Это была не просто принципиальная позиция. История правления Токугава насчитывает бесчисленное множество случаев, когда даймё справедливо или несправедливо попадали в опалу; были они по-настоящему виновны или им просто не повезло, они перебирались с процветающей земли, дающей много мешков риса, на территории в худшем месте, имеющие гораздо более скудные ресурсы. В таком случае даймё распускал отчасти или иногда, если опала была суровой, почти полностью свою челядь и телохранителей; последним приходилось искать занятия в другом месте или становиться ронинами.
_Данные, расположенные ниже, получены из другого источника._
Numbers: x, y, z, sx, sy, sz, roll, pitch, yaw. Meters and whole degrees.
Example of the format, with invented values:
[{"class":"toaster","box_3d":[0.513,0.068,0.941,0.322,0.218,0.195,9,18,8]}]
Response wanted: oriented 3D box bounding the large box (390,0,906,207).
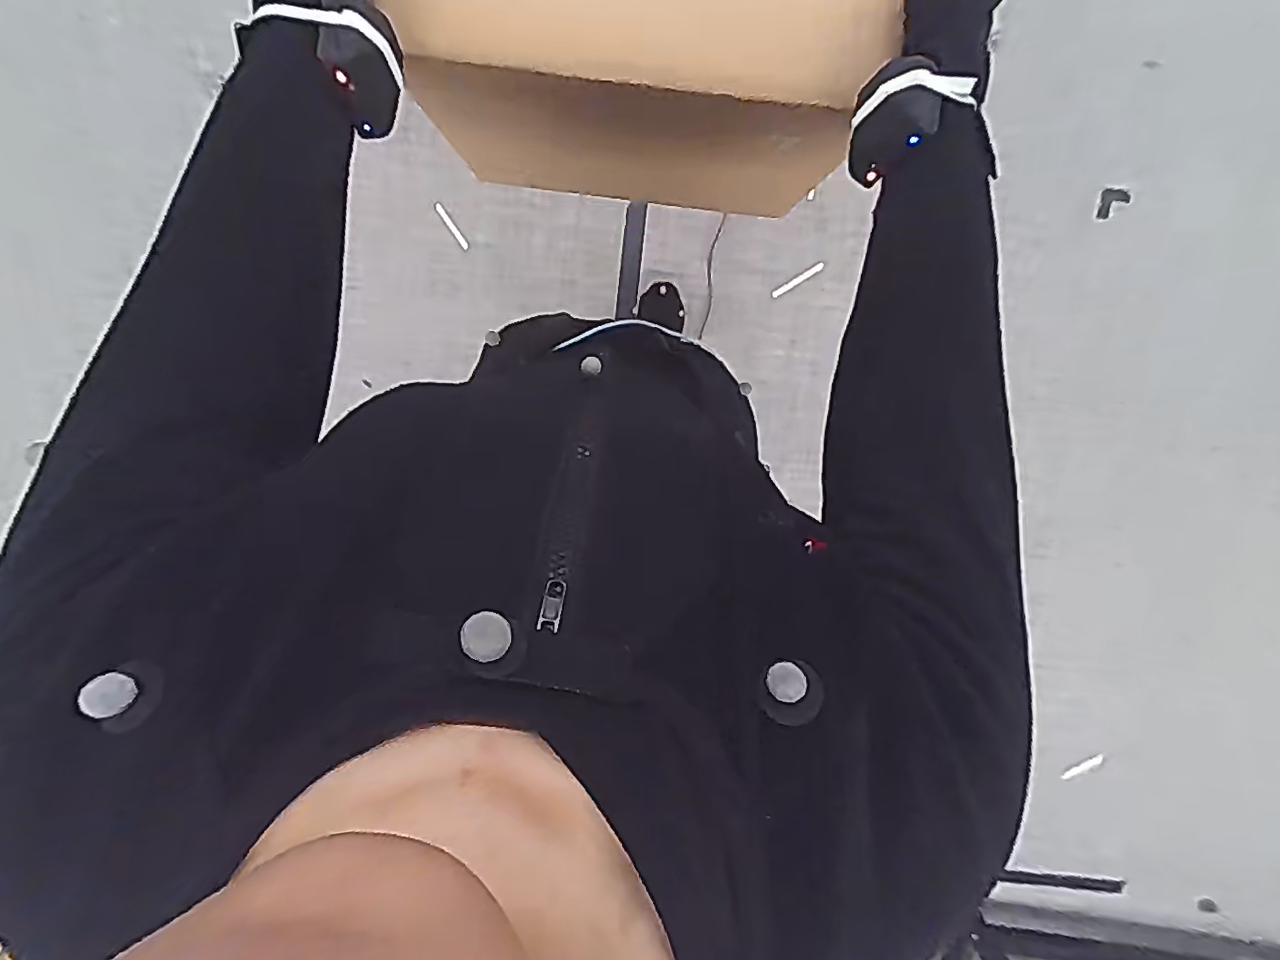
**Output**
[{"class":"large box","box_3d":[0.011,-0.495,0.540,0.408,0.320,0.320,5,102,-3]}]

Этот авторитарный подход не раз мог показаться несправедливым, но у него были свои достоинства; когда в XIX в. сёгун стал утрачивать способность прибегать к военной силе, режим отступил перед кланами, которые, лучше вооруженные и лучше усваивающие современные технологии, поддержали императора.
Японский новый порядок
Именно этим контекстом необходимого, но авторитарного восстановления порядка объясняется обнародование самых известных за рубежом юридических текстов в японской истории — законов о военных домах («Букэ сёхатто», 1629 г.). Первоначально это была книжечка из тринадцати частей, или статей, которую написал Токугава Хидэтада (1579–1632), третий сын Иэясу и второй сёгун (1605–1622) Эдо, фактически исполнявший свои функции под контролем отца, пока последний был жив. Модифицированные лет через тридцать, в 1663 г., чтобы запретить «самоубийства вослед», порой превращавшие кончину главы дома в гекатомбу, эти законы, зафиксированные в конечном счете в 1683 г., вызвали к жизни неиссякаемый поток литературы, посвященной чести и морали самураев. Если бросить взгляд на предыдущую японскую историю, то эти законоположения можно скорее одобрить как попытку правительства — подкрепленную угрозами — навязать кодекс чести людям, не знавшим иных моральных норм, кроме демонстративной и кровавой верности клану.